*Exercise objective*. Copy every entry as is. Leave images out.

*Supplied entries*.
+++++
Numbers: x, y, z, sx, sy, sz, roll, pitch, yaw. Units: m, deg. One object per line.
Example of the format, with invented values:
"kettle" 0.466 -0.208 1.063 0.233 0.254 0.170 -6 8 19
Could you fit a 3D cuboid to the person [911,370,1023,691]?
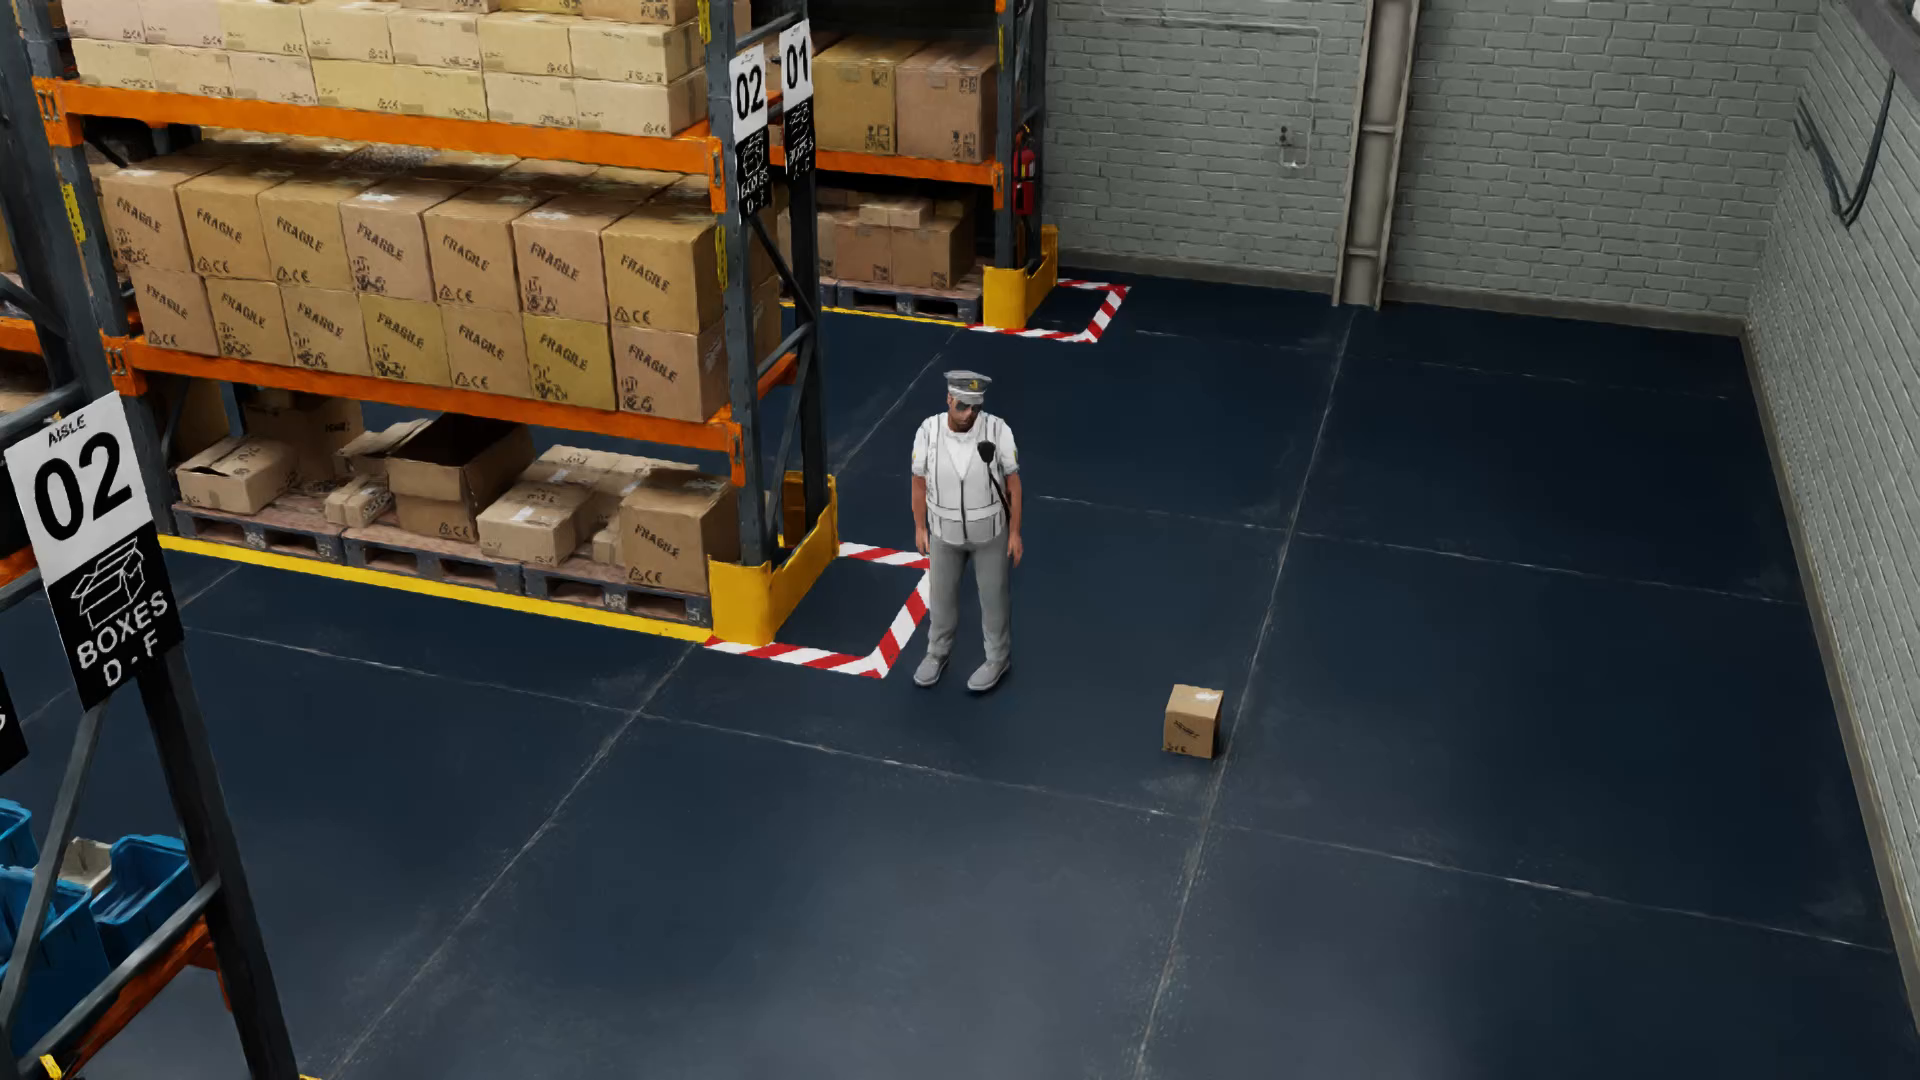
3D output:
"person" 0.038 -0.056 8.550 0.587 1.770 0.407 3 29 6
+++++
*Answer to the problem*.
Numbers: x, y, z, sx, sy, sz, roll, pitch, yaw. Units: m, deg. One object per line.
Example of the format, with invented values:
"kettle" 0.466 -0.208 1.063 0.233 0.254 0.170 -6 8 19
Could you fit a 3D cuboid to the person [911,370,1023,691]?
3D output:
"person" 0.038 -0.056 8.550 0.587 1.770 0.407 3 29 6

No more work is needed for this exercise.